Save configuration from the router every time you make changes. There is no need for continuous backup of anything else.
Are there a lot of overlapping data?
Why would this matter or be of interest?
Backup of copy?
Don’t backup backup. Backup source data.
What are you trying to accomplish by this?
One duplicacy storaage location at your destination, eg. a bucket on B2 or Storj
One duplicacy instance on your PC backing up to the storage above, with snapshotID1
Another duplicacy instance on your unraid contraption, backing up to the same storage above, with SnapshotID2.
Keep credentials to the storage and duplicacy encryption password somewhere other than your PC and unraid server, in case both succumb to fire or what not.
You can also make it ransomware-proof by carefully crafting the B2 credentials to only allow upload and disallow change or delete, effectively making your backup immutable.

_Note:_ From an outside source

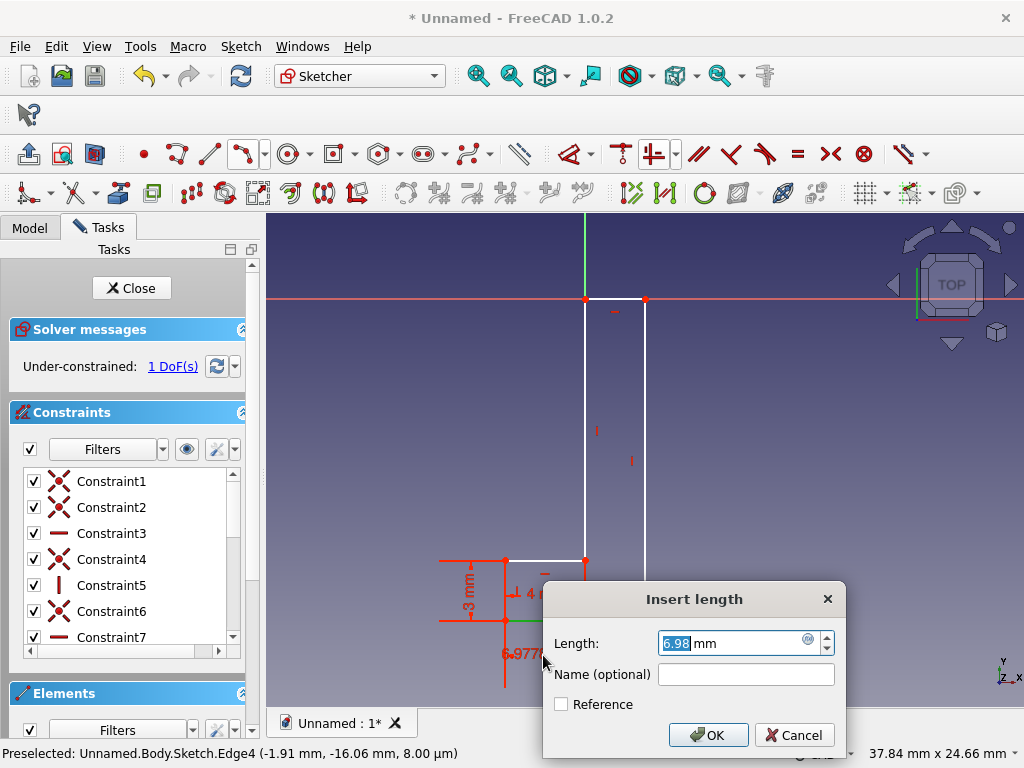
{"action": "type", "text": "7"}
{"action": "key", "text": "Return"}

I’ve added commit hooks before. Frankly, it takes too much time and having instant backups isn’t a priority. Again, I’m not worried about making and “oopsie” and having to quickly revert. I’m far more worried about a catastrophic failure. As such, not losing a day’s worth of work isn’t an issue.
I doubt it. The clients are sufficiently unique. I may wind up adding additional clients, though I wouldn’t necessarily expect that. That’s why I’m asking. I really don’t know if this is something I should be worried about.

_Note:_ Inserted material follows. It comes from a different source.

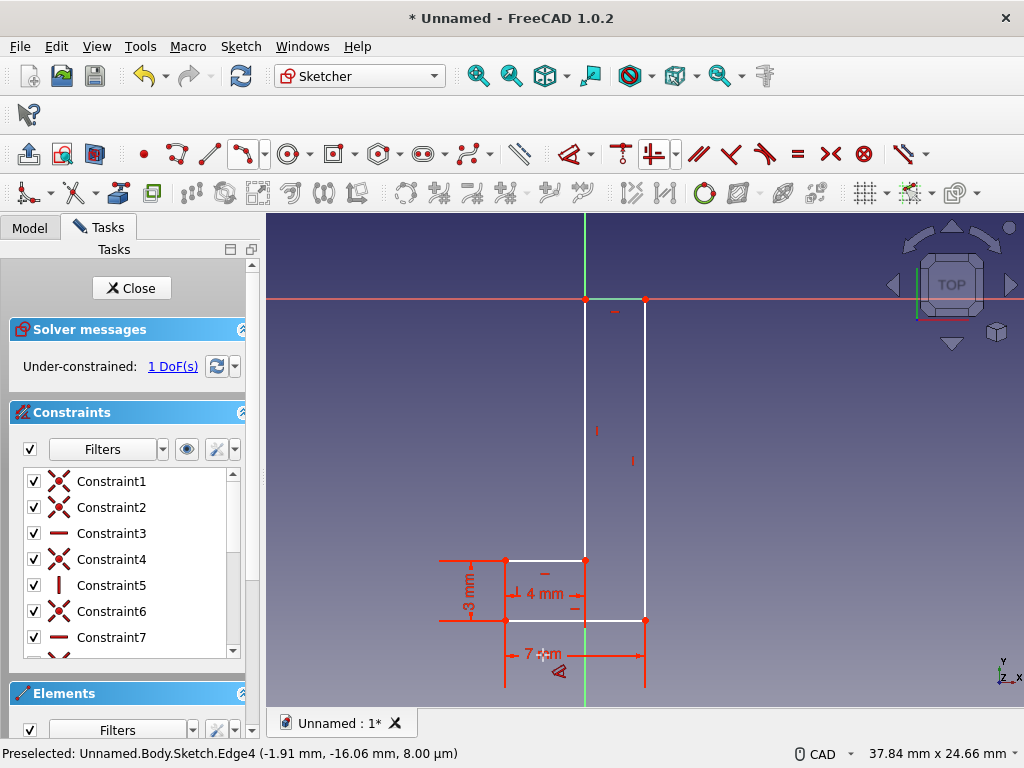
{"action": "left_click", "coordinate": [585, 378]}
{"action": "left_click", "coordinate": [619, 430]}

Frankly, idle curiousity. If I ever feel my backups are getting “too large”, it would be easy to target a specific client. This is a stretch, to be sure.
I guess I was also thinking it might be easier for restores, but now I don’t think that’s true at all. It’s going to be “equivalent” either way.
Oh. Good question! Both. For the unRAID and edge router clients, it would be a copy. For the Windows client, it would be a backup. At least that’s what I’m thinking. Part of what I’m unsure about. Would it make more sense to have everything be a copy?
I think that implies everything in the staging area should actually be a copy. Is that a valid assumption here?
I’m guessing an equivalent approach would be to copy from the PC to the staging area and then a single Duplicacity instance on unRAID; using a single Duplicacity storage and single B2 bucket. I guess I do like a single point at which data is uploaded to B2; for no other reason that it’s consistent and I know exactly where the B2 data comes from.
Yessir! That’s one thing I’m trying to be very careful about; the ability to recover from a complete disaster.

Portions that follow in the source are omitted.